## Try it
Look over the entries and say how many lines include the word "image". Only the number, please.

## Source data
⟨

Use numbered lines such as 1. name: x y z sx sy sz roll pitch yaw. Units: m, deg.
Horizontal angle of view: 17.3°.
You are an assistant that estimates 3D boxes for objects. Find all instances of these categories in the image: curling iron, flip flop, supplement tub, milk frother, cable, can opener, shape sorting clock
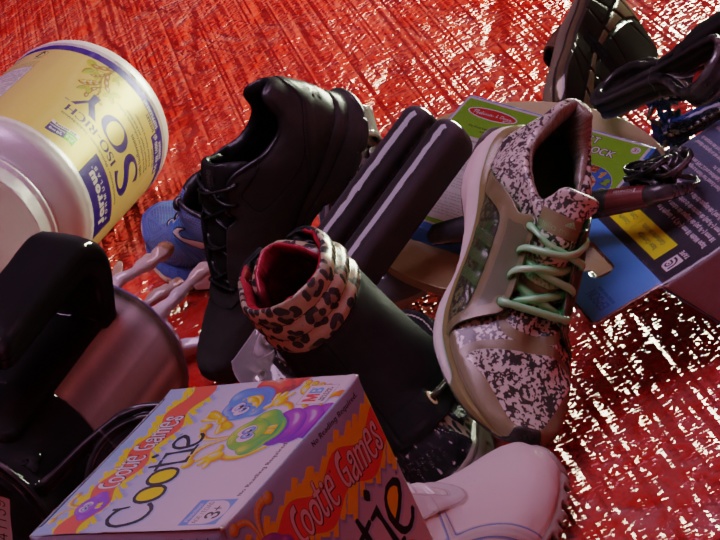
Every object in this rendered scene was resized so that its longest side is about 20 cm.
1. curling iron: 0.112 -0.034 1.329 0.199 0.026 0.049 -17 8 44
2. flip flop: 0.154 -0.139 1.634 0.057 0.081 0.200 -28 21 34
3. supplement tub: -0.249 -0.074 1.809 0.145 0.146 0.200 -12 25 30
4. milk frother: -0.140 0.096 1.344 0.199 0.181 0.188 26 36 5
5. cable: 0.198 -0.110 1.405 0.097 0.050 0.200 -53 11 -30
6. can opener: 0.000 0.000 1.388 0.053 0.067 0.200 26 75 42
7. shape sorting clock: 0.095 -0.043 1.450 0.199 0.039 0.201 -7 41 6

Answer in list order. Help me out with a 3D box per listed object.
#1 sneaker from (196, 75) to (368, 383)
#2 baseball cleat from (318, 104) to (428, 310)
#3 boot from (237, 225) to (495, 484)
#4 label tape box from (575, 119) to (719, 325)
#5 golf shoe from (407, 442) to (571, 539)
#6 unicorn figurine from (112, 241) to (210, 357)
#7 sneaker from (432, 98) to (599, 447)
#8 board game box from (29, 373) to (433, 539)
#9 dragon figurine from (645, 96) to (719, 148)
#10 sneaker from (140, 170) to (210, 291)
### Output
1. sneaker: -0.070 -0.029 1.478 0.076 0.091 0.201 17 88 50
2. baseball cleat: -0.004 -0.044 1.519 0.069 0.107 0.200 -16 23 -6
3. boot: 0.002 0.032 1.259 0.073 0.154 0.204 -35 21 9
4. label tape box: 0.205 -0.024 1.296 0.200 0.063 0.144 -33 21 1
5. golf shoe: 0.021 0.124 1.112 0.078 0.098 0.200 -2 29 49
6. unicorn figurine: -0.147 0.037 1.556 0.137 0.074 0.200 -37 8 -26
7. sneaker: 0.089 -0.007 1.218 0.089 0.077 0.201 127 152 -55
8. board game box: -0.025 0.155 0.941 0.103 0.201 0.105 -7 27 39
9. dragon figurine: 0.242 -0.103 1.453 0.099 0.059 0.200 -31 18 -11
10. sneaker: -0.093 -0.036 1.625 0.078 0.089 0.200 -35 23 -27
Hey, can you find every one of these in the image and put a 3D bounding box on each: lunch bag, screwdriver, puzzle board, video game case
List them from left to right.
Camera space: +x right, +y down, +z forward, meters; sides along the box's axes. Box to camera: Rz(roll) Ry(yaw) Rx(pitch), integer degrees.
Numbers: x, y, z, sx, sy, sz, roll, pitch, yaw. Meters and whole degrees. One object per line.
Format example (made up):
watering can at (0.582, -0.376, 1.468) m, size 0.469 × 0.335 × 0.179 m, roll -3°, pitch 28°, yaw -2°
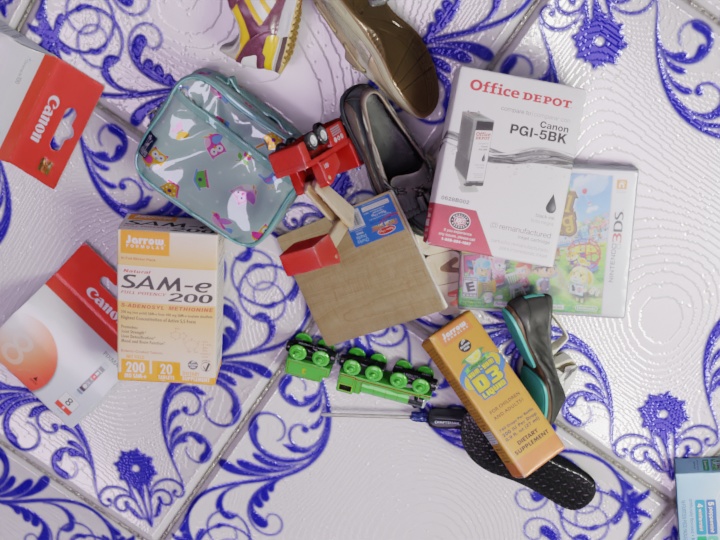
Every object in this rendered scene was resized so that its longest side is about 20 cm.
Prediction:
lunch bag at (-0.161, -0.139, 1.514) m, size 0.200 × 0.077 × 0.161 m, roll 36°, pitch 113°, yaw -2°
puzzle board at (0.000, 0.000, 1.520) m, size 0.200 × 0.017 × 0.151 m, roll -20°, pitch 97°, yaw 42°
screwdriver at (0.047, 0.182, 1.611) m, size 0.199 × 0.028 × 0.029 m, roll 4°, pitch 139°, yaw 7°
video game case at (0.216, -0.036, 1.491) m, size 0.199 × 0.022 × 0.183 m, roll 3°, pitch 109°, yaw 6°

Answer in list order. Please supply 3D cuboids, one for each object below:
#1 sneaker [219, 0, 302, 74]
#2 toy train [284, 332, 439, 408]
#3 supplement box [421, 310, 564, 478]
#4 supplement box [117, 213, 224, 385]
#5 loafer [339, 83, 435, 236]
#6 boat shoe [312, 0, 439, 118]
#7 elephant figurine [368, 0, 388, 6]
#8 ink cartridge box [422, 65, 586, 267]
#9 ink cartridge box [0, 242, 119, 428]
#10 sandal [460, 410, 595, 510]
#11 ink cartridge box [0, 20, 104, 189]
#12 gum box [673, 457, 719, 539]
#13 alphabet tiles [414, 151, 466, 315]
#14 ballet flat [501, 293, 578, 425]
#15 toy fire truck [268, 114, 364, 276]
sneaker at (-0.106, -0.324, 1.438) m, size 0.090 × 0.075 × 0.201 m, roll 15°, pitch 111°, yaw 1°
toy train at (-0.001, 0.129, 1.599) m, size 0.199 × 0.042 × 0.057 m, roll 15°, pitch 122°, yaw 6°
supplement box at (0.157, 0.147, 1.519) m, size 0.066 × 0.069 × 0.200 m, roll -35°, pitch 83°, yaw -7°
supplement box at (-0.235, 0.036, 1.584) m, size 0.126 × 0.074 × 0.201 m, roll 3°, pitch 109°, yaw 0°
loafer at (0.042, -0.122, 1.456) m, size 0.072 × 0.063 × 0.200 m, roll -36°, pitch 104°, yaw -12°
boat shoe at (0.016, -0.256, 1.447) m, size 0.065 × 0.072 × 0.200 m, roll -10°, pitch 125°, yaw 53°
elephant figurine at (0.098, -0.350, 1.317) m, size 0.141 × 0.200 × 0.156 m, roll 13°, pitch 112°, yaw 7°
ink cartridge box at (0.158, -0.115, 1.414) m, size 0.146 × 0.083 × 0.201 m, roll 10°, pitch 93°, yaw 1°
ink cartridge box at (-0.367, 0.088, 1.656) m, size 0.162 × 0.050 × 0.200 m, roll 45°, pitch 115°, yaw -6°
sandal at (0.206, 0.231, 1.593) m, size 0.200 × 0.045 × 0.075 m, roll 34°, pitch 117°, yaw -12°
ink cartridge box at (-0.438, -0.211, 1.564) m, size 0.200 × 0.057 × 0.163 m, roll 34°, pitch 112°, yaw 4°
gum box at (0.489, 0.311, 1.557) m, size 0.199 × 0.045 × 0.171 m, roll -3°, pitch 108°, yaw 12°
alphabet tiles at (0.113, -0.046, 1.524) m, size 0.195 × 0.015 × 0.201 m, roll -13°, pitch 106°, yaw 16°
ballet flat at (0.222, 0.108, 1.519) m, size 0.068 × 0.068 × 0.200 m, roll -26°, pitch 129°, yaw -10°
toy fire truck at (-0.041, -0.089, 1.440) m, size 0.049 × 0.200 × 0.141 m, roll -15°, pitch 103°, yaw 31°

⟩

## Finished exercise
2